1:16 PM

Want a Dog; in spite of myself.

I haven't written a new blog in what seems like a very long time, and before reading this one you should know it's going to be fluff. No deep realizations or great information/discoveries/insights, although as I'm saying this I am realizing that prior posts may not have had any of those either and I've just revealed how incredibly egotistical I am. Anyway, the warning should allow you to act accordingly. To read or not to read, that is the question. Or for the geeks in all of us "Run Away, Run away!".

Begin.

The other day I was watching TV. I know Shocker! Animal Planet has this show called Dogs101. It goes over different breeds of dogs and ranks them in key areas to help potential pet owners make an informed decision. Each breed they are covering for the episode is graded by things like "Weather Tolerance", "Good Family Dog", "Health", "Grooming Requirements" and "Exercise Needs".

As I was watching it I found myself wanting to get a dog. I've never had a dog of my own. In fact growing up we only had a few pets ever and they were mostly cats that died and usually it was euthanasia (word of the day, ten points). There was a bunny that I won't go into, and David had an albino rat that escaped, became wild again and bit him. There were two dogs "Buster and Snaps" but they were Ben's dogs and not the rest of the families. To put it more succinctly, I personally, as an adult have never had a dog.

Judging by my pet skills to date, that's probably a good thing. We as a family have had some fish, and I had one in my office. Notice the 'had'. Hyrum had a $90 Russian Tortoise, which the boys played with in the back yard and never brought in again. Who knows where he is now.

But I've gotten off track. Regardless of how good an owner I would be, the show got me thinking about wanting a dog, and what kind I would like. Mostly I know what kind I would want. I want a Charlie dog.
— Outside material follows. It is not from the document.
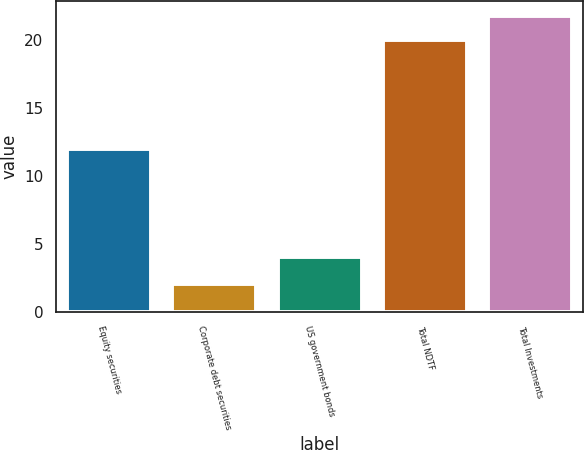<chart> <loc_0><loc_0><loc_500><loc_500><bar_chart><fcel>Equity securities<fcel>Corporate debt securities<fcel>US government bonds<fcel>Total NDTF<fcel>Total Investments<nl><fcel>12<fcel>2<fcel>4<fcel>20<fcel>21.8<nl></chart>

My sister and her husband have the best dog in the world in my mind. His name is Charlie after "Charlie and the Chocolate Factory" due to his sad eyes and the song "Cheer up Charlie" from the original, not Johnny Depp creepy version. Charlie is a little dog. I'm not sure what he is, but if I had to guess he's a mix between a chihuahua, Daschund, beagle and a ..... let's say Great Dane. No ... let's say Bull Mastiff, just because it's a funnier thought. He's kind of a longer dog, with short ears, short hair, and an aerodynamic head that makes him look really fast. Oh, and he sprints like he's on crack if you get him whooped up, and jumps twice or 3 times his own height when he wants to be held, and is a great lapdog. He'll climb up and let you pet him for hours.

Barring a Charlie, I would settle for these traits.

Good with children and babies.
Barks at strangers but wouldn't bite.
Good with other dogs, wouldn't bark.
Has own fax machine.
Smells nice.
Has short hair.
Is on the medium-small side (like a boxer or small bulldog)
Long nose because all dogs should have long noses. A dog with a squat face is rediculous.
Wants to be walked a lot. (more for my sake than his).

If any of you know what kind of dog fits all those criteria, let me know and I will take him.